Voyage Journal 7025 Day 5
Day 5 - December 23, 2010 - At Sea
By Uli Kunz, Oceanographer
Coordinates: 52˚40’ S, 48˚35’ W
Weather: Overcast, in the afternoon light fog
Air Temperature: 6 °C, 42.8 °F
Sea Temperature: 4 °C, 39.2 °F
Pressure: 992 hPa
Wind: 15.8 km/h
It is roughly 800 miles from the Falkland Islands to South Georgia and it will take two full days to arrive there. The guests are, as usual, still in charge of the weather and up to now they have done a very good job!
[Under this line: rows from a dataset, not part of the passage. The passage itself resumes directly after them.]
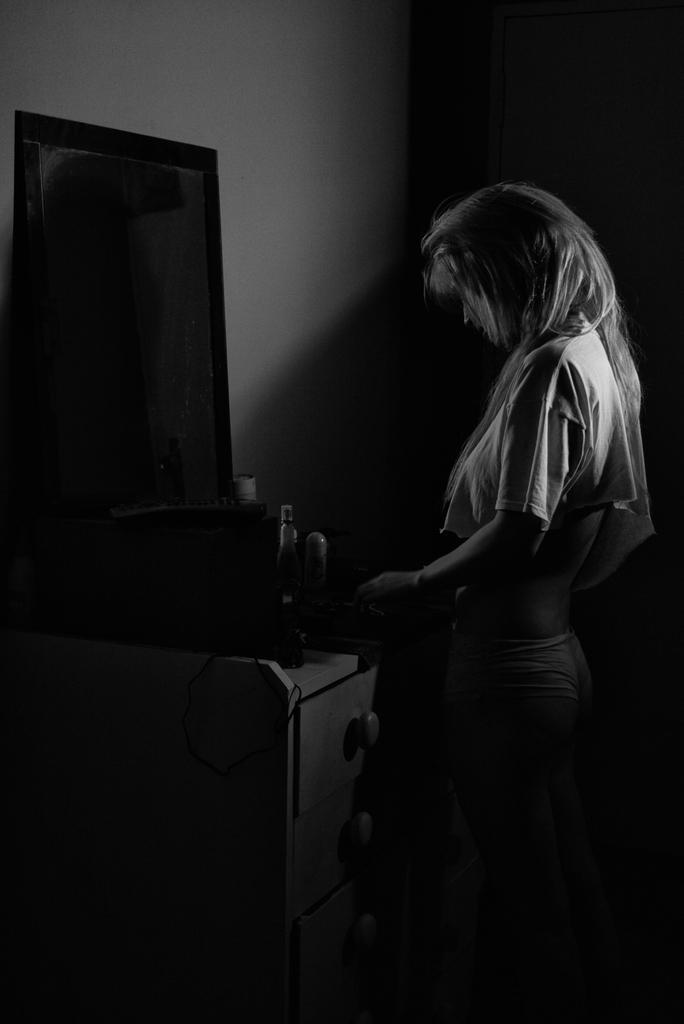Could you give a brief overview of what you see in this image? In the foreground of this black and white image, on the right, there is a woman standing in front of a dressing table on which, there are few objects and drawers to the table. In the background, there is the wall. 
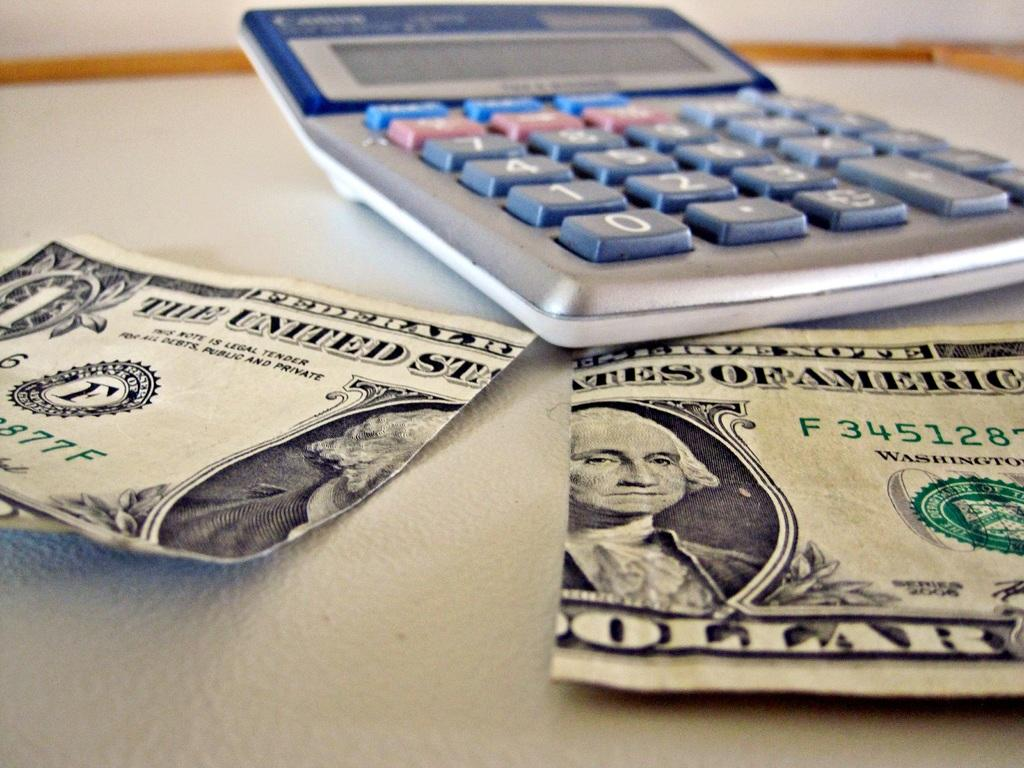Provide a one-sentence caption for the provided image. A calculator and ripped Dollar Bill on a table. 
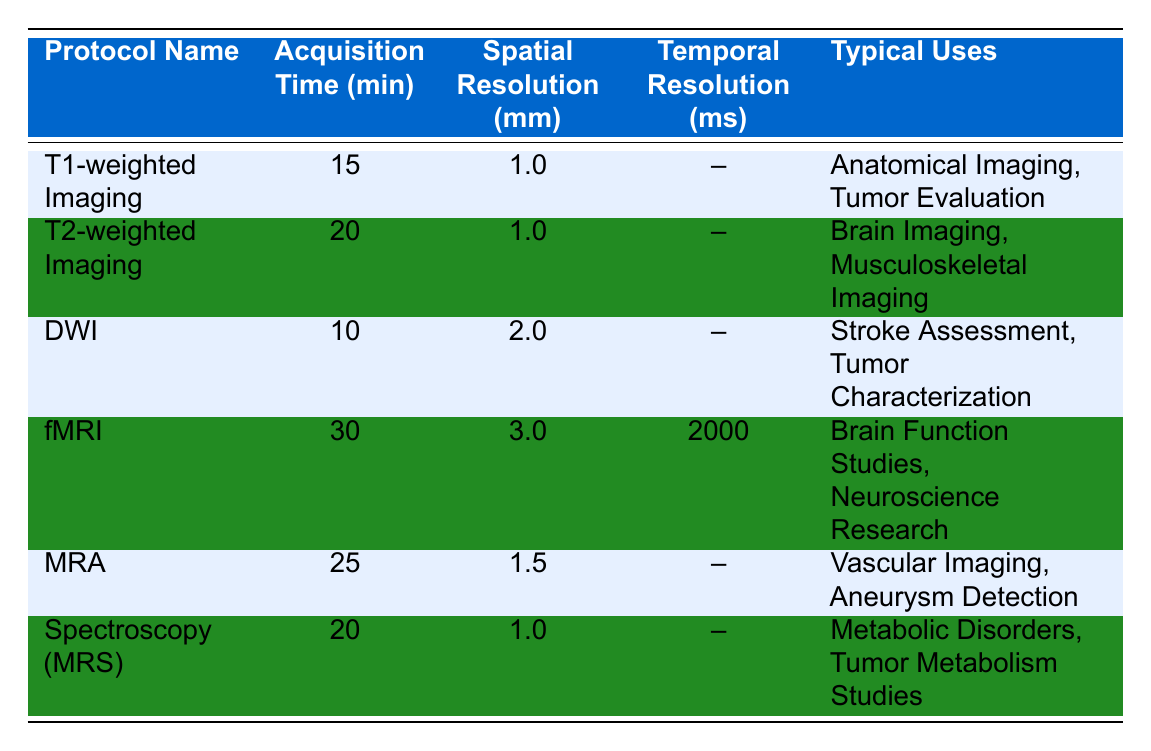What is the acquisition time of DWI (Diffusion Weighted Imaging)? According to the table, the acquisition time for DWI is explicitly listed as 10 minutes.
Answer: 10 minutes Which MRI protocol has the highest spatial resolution? The table shows that T1-weighted Imaging and T2-weighted Imaging both have a spatial resolution of 1.0 mm, which is the highest among all protocols listed.
Answer: T1-weighted Imaging and T2-weighted Imaging What is the average acquisition time for all listed MRI protocols? The acquisition times are 15, 20, 10, 30, 25, and 20 minutes. Adding these gives 15 + 20 + 10 + 30 + 25 + 20 = 130 minutes. There are 6 protocols, so the average is 130/6 = 21.67 minutes.
Answer: 21.67 minutes Is the temporal resolution for fMRI (Functional MRI) greater than 1000 ms? The table states that the temporal resolution for fMRI is 2000 ms. Since 2000 ms is greater than 1000 ms, the statement is true.
Answer: Yes Which protocol is used for Stroke Assessment? According to the table, DWI (Diffusion Weighted Imaging) is listed under typical uses for Stroke Assessment.
Answer: DWI (Diffusion Weighted Imaging) What is the total acquisition time for T2-weighted Imaging and MRA? The acquisition times for these protocols are 20 minutes for T2-weighted Imaging and 25 minutes for MRA. Adding these gives 20 + 25 = 45 minutes.
Answer: 45 minutes Are there any MRI protocols listed that have a temporal resolution? Only fMRI (Functional MRI) has a listed temporal resolution of 2000 ms, while the other protocols show '--' for temporal resolution, implying none of them have it explicitly defined. Therefore, the answer is no.
Answer: No Which protocol has a typical use related to Tumor Evaluation? The table indicates that both T1-weighted Imaging and Spectroscopy (MRS) have typical uses that include Tumor Evaluation, based on their descriptions in the typical uses column.
Answer: T1-weighted Imaging and Spectroscopy (MRS) What is the difference in acquisition time between fMRI and DWI? The acquisition time for fMRI is 30 minutes and for DWI, it is 10 minutes. Therefore, the difference is 30 - 10 = 20 minutes.
Answer: 20 minutes

In the morning, Peter Damisch presented a very entertaining and informative lecture about the famous Antarctic explorer Sir Ernest Shackleton. Peter gave an interesting overview of Shackleton's early years and his will to travel to Antarctica and fulfill what no one had ever done before. In 1911, Amundsen has already reached the South Pole first, but there was still a challenge: The crossing of the white continent from the Weddell Sea to the Ross Sea.
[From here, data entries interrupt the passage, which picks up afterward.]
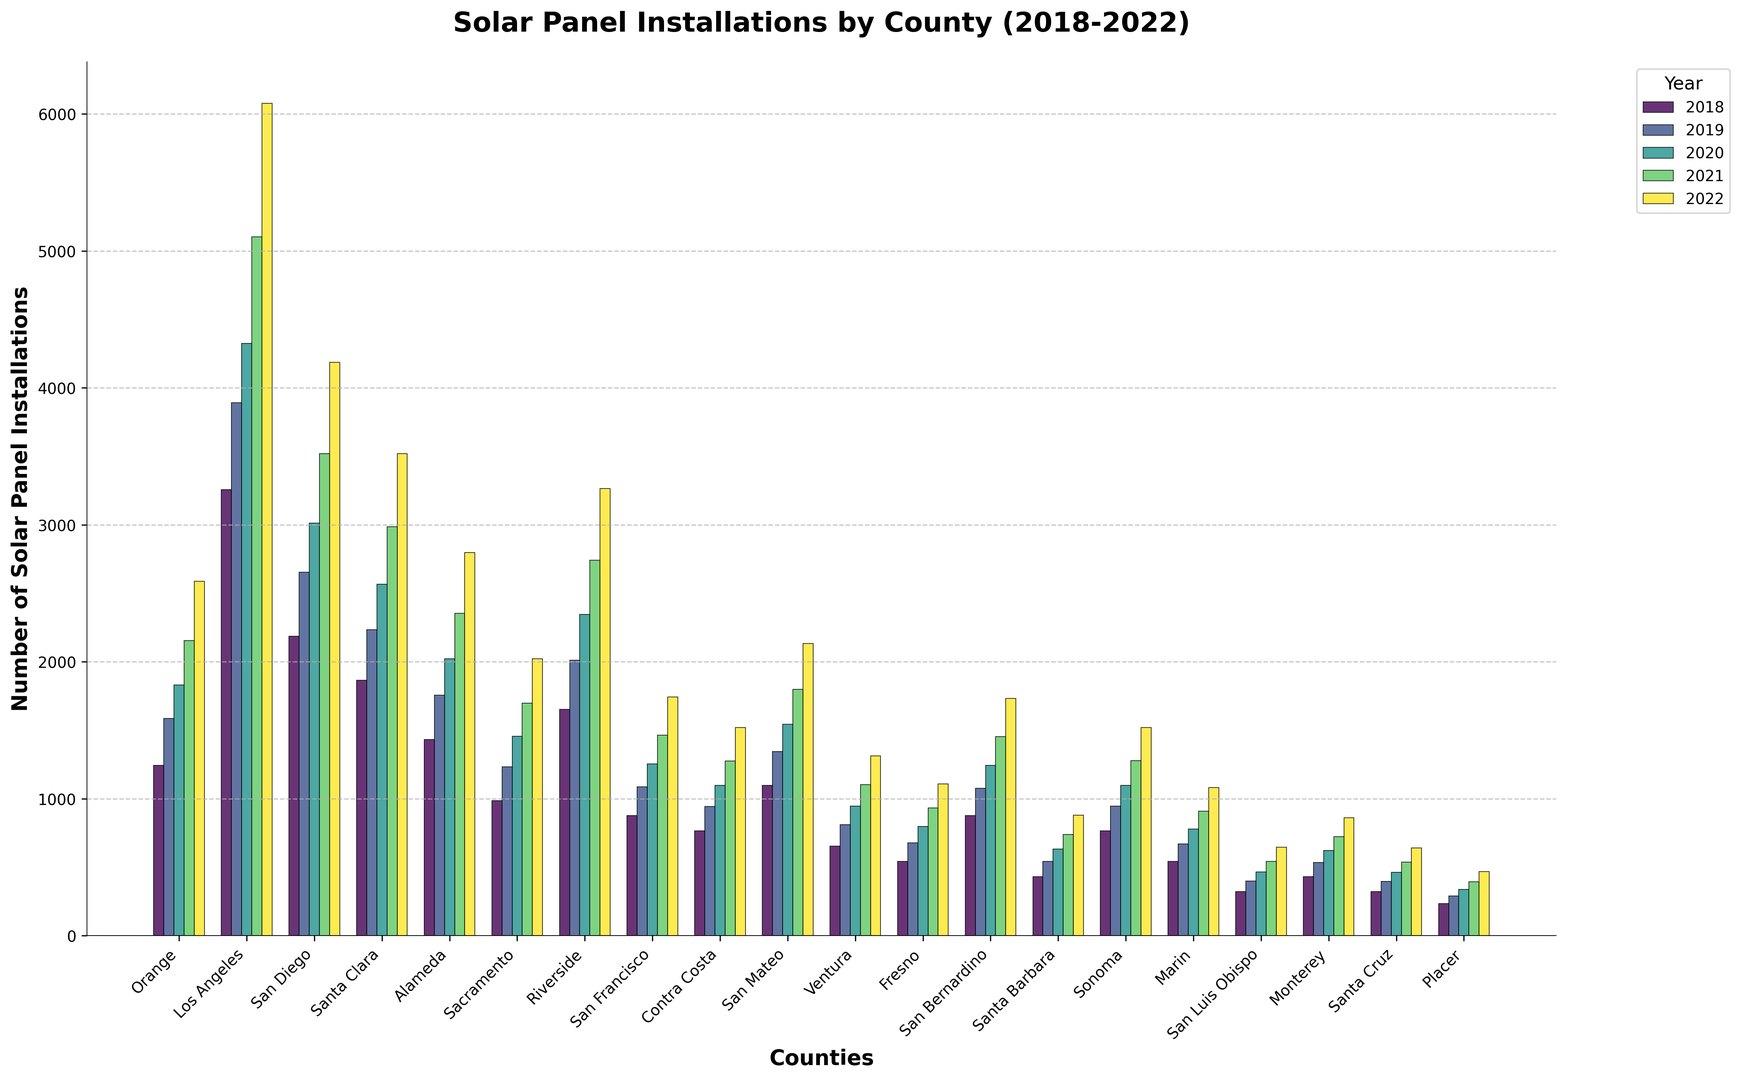What is the county with the highest number of solar panel installations in 2022? To find the county with the highest number of solar panel installations in 2022, look for the tallest bar in the 2022 color for each county. Los Angeles has the tallest bar in 2022.
Answer: Los Angeles Which counties had more than 2000 solar panel installations in 2021? To find which counties had more than 2000 installations in 2021, look for all bars in the 2021 category that exceed the value of 2000 on the y-axis. Orange, Los Angeles, San Diego, Santa Clara, Alameda, and Riverside had more than 2000 solar panel installations in 2021.
Answer: Orange, Los Angeles, San Diego, Santa Clara, Alameda, Riverside What is the average number of solar panel installations in San Francisco over the 5 years? Sum the number of installations in San Francisco for each year (876+1087+1254+1465+1743) and divide by 5: (876 + 1087 + 1254 + 1465 + 1743) / 5 = 6425 / 5 = 1285
Answer: 1285 Which year showed the most significant growth in solar panel installations in Riverside? To determine the most significant growth year in Riverside, calculate the difference in installations between each pair of consecutive years and find the maximum. 2019-2018: 2012-1654 = 358, 2020-2019: 2345-2012 = 333, 2021-2020: 2743-2345 = 398, 2022-2021: 3265-2743 = 522. The highest difference is between 2021-2022.
Answer: 2022 Compare the growth in solar panel installations between San Diego and Santa Clara from 2018 to 2022. Which county had higher growth? To find this, calculate the increase from 2018 to 2022 for both counties. San Diego: 4187-2187 = 2000, Santa Clara: 3521-1865 = 1656. San Diego had higher growth.
Answer: San Diego Which county had the least number of solar panel installations in 2020? To determine the county with the least number of installations in 2020, look for the shortest bar in the 2020 category. Placer had the shortest bar in 2020.
Answer: Placer How many counties had less than 1000 solar panel installations in 2018? To find this, count all the counties whose 2018 bar is below the 1000 mark on the y-axis: Sacramento, San Francisco, Contra Costa, Ventura, Fresno, Santa Barbara, Sonoma, Marin, San Luis Obispo, Monterey, Santa Cruz, Placer (12 counties).
Answer: 12 What is the total number of solar panel installations in Alameda over all 5 years? Sum the number of installations in Alameda for each year (1432 + 1756 + 2021 + 2354 + 2798). 1432 + 1756 + 2021 + 2354 + 2798 = 10361
Answer: 10361

Upon his announcement to look for volunteering seamen, he received about 5,000 requests back! He chose his men carefully, looking for personalities that would make a good team and be willing to work together in the harshest conditions and in a very confined place. Peter ended his talk with Shackleton setting out for his voyage to Antarctica. Part II is soon to come!
After lunch (delicious as always, Executive Chef Norbert does a fantastic job), I headed out on deck together with the Expedition Staff. “Mad Dog” Rich and Mike spent hours outside, showing the guests amazing seabirds flying around the ship. Today they counted 15 different species! But no whales so far... but in the afternoon, lecturer Franz Gingele walked out on deck and within a few seconds spotted four fin whales in the vicinity of the Prince Albert II and walked back inside... lucky hit!
In the afternoon, I presented a lecture about the “Legends of the Deep”, anecdotes and stories about the oceans in general. Where is the deepest place on earth? Why is it so difficult to conduct research in the deep sea? Does the giant squid really exist? Are there corals in cold waters?
Later in the afternoon, Marylou talked about the most important animal in the Southern Ocean, serving as food for seals, penguins, whales, birds: Krill. The species Euphausia superba is perhaps the most successful organism on the planet, having a total biomass of about 200-250 million tons! The underside of ice floes, pack and fast ice serve as a nursery for the growing krill, feeding on a variety of monocellular algae, mostly diatoms, that live there.
At 6 pm, the seawater thermometer on the Bridge displayed 4°C and it was foggy outside. We were crossing the Antarctic Convergence, where cold, northward-flowing Antarctic waters meet the warmer waters of the Sub-Antarctic flowing south. Within approximately 50-100 kilometres, the temperature of the seawater drops about 3-5°Celsius. The Convergence is not a fixed line drawn onto a map or a political border. We will not find an Immigration Office there, but it clearly marks our transfer into the realm of Antarctica! Welcome!